If you need to operationalize evidence collection fast, Daydream is often used to track role-to-control mapping, collect artifacts from process owners on a schedule, and keep an audit-ready record of communications and approvals tied to ISO/IEC 20000-1 clauses. 1

Common exam/audit questions and hangups

Expect questions like:

  • “Who is accountable for SMS conformance, and what authority do they have to drive corrective actions?” 1
  • “Show me where change approval authority is defined, and show me a recent change where that authority was exercised.” 1
  • “How do you ensure responsibilities are communicated to staff in different teams or geographies?” 1
  • “How do you handle responsibilities that sit with a third party? Who is accountable internally?” 1

Hangups auditors raise:

  • RACI exists but is outdated after reorgs.
  • Authorities are described vaguely (“can approve changes”) with no boundaries or escalation.
  • Process owners exist on paper, but tickets show different approvers and inconsistent routing. 1

Frequent implementation mistakes (and fixes)

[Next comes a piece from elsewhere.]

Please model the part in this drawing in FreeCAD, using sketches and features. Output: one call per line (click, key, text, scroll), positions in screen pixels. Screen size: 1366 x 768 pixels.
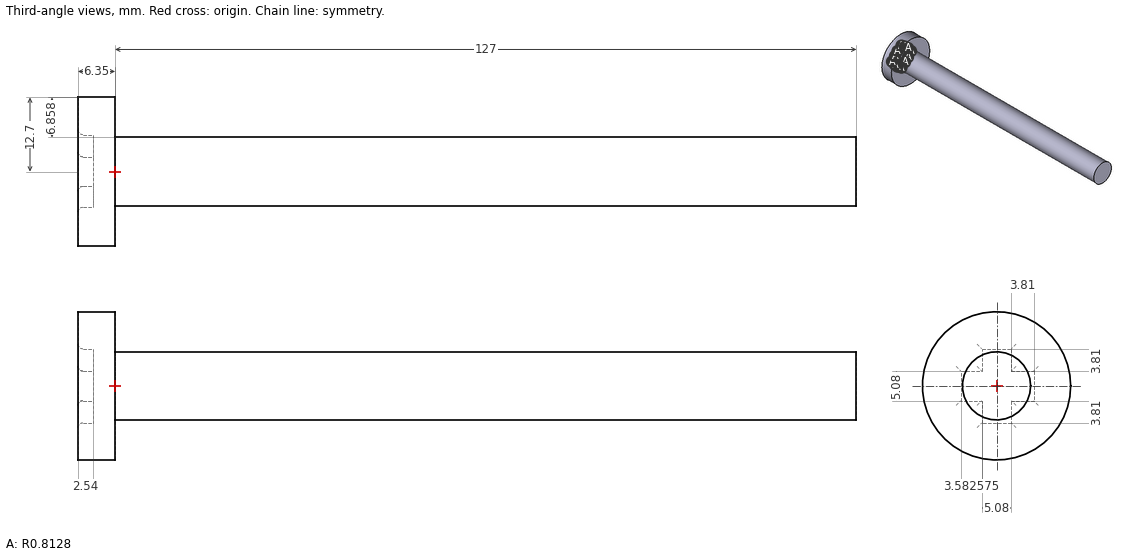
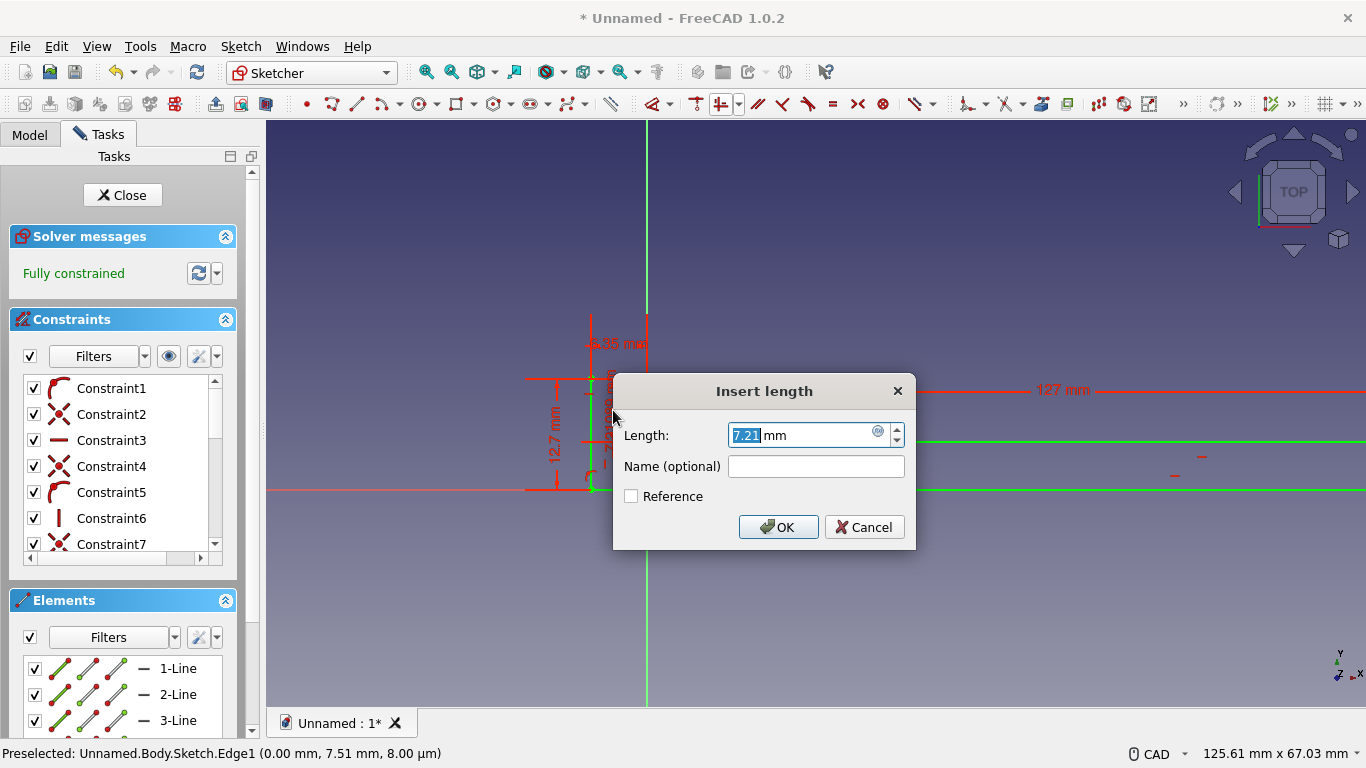
text(6.858)
key(Return)
key(Escape)
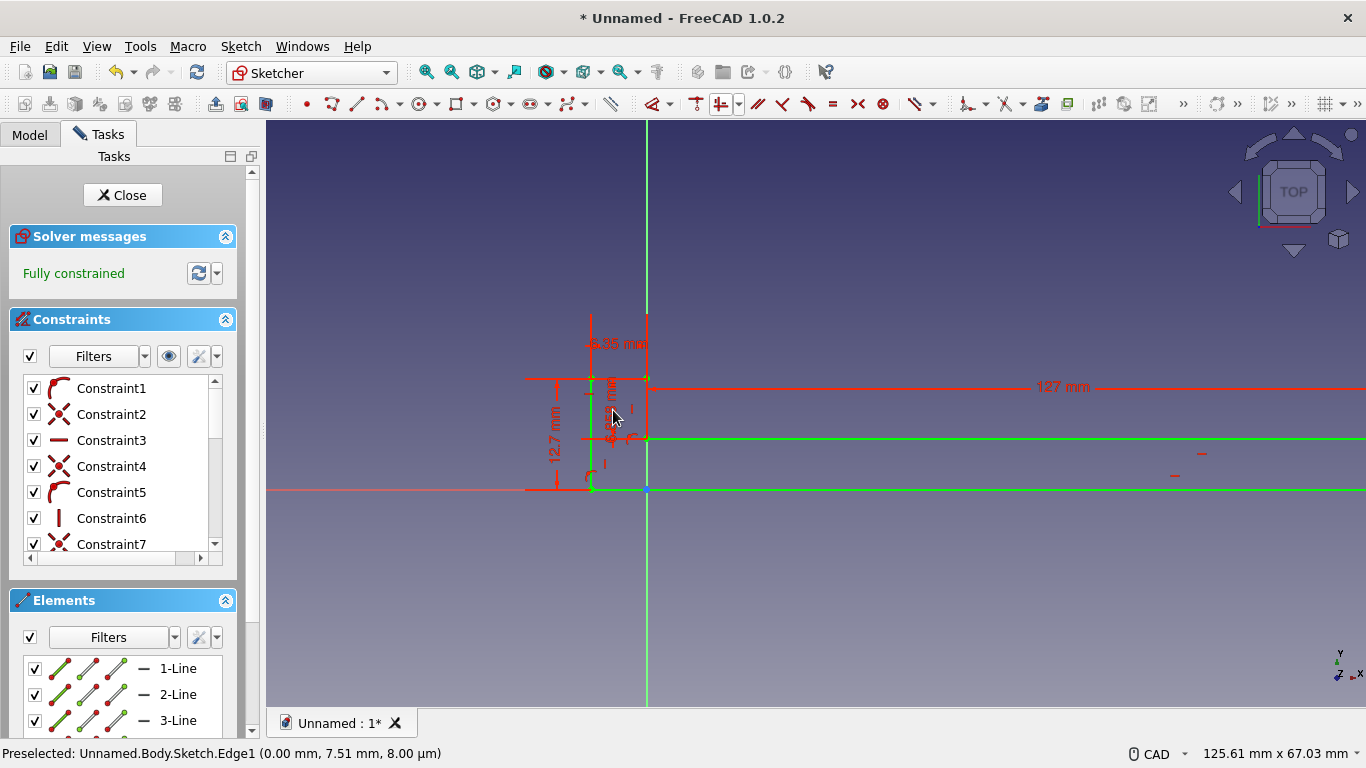
click(123, 195)

Mistake: Confusing “responsibility” with “authority.”
Fix: For each role, write explicit decision rights (approve/reject/escalate/accept risk) and connect them to workflows and meetings. 1

Mistake: Treating the org chart as evidence.
Fix: Keep the org chart, but lead with role descriptions, process ownership, and operational records showing the roles in action. 1

Mistake: No single accountable owner for SMS conformance.
Fix: Name the role formally, document authority to raise nonconformities and coordinate corrective actions, and show escalation to top management when needed. 1

Mistake: Ignoring third parties in the role model.
Fix: Document internal accountability for third-party delivered activities and show how requirements are communicated through governance and contracting mechanisms. 1

Enforcement context and risk implications

ISO/IEC 20000-1 is a certifiable standard rather than a regulator-led enforcement regime in the material provided. The practical “enforcement” risk is certification impact: unclear roles and authorities can lead to nonconformities, weak corrective action follow-through, inconsistent change control, and brittle incident response. Those operational failures also raise customer and contractual risk because service commitments depend on predictable decision-making and escalation. 1

A practical 30/60/90-day execution plan

Time-boxing helps, but avoid treating this as a document sprint. The goal is audit-grade reality.

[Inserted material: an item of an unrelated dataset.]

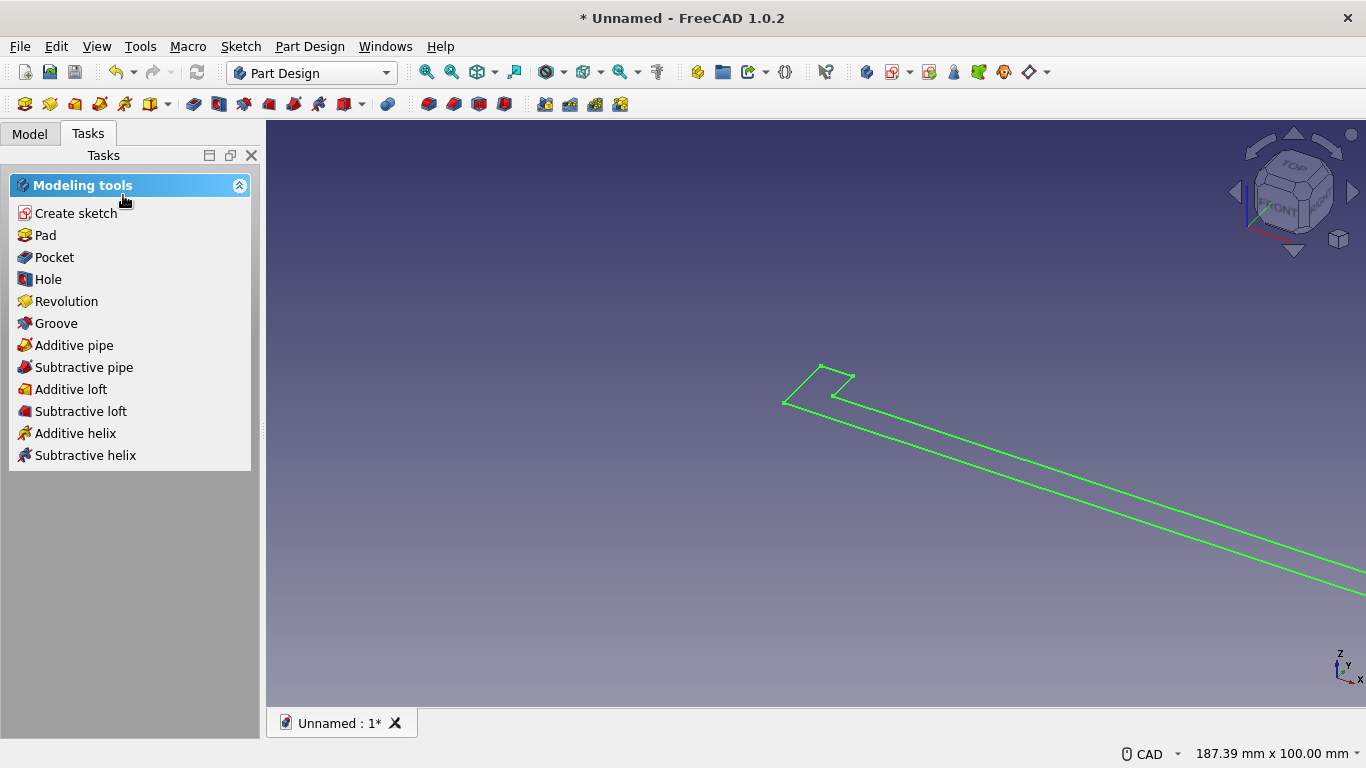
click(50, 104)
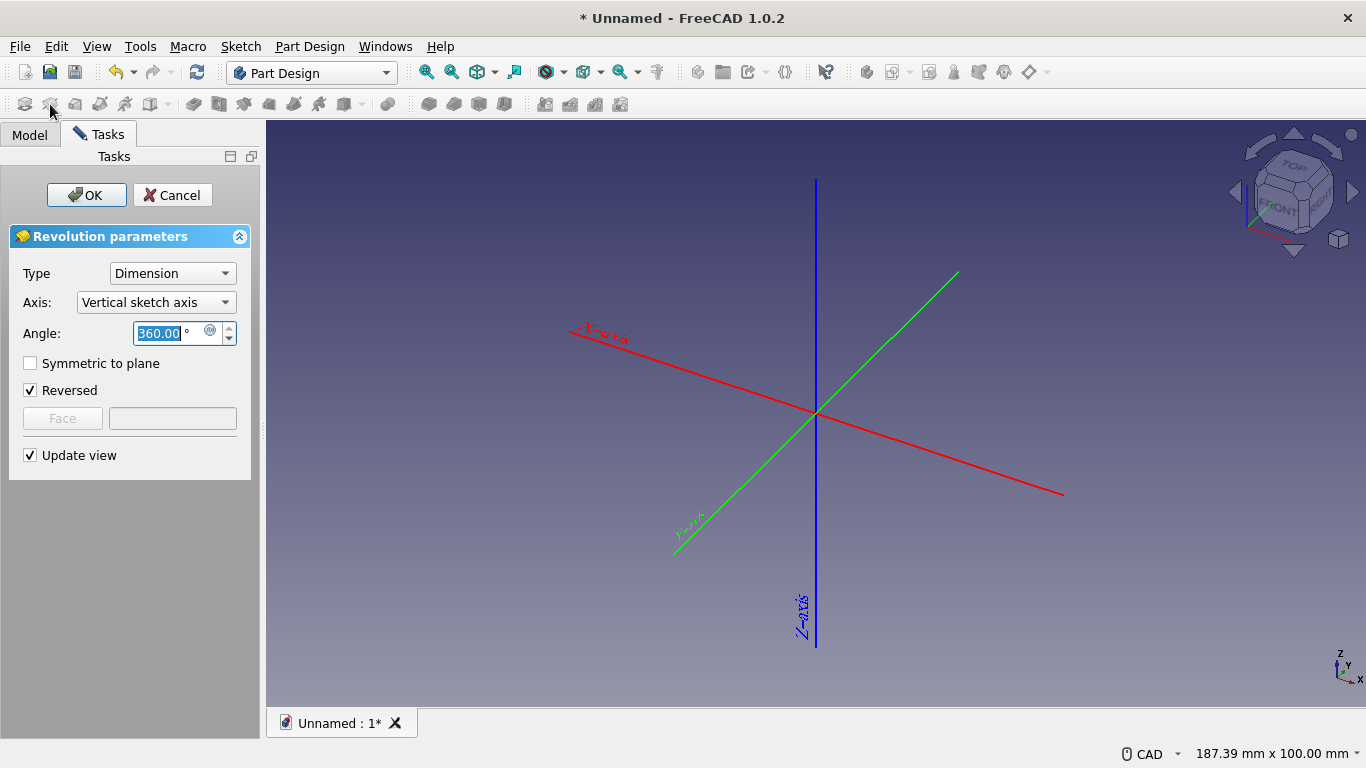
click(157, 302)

First 30 days (stabilize governance)

  • Confirm SMS scope and list relevant roles across internal teams and third parties. 1
  • Assign the SMS conformance accountable role and confirm escalation path to top management. 1
  • Draft a first-pass RACI for key SMS processes and identify gaps or overlaps. 1

Days 31–60 (document and communicate)

  • Publish role descriptions with explicit authorities for process owners and operational leaders. 1
  • Align ITSM tool routing/approvals to the documented authorities for incident and change first. 1
  • Roll out communication: onboarding updates, operational meeting briefings, and a central repository for controlled documents. 1

Days 61–90 (prove operation and build durability)

  • Collect operational samples: CAB records, major incident assignments, change approvals, supplier review minutes. Validate against the RACI and role authorities. 1
  • Run an internal interview drill: ask operators “who approves X?” and “who escalates Y?” Fix confusion with targeted updates. 1
  • Add maintenance triggers for org changes and supplier changes, and schedule periodic role/RACI review through SMS governance. 1

Frequently Asked Questions

Do we need a dedicated “SMS Manager” role to satisfy Clause 5.3?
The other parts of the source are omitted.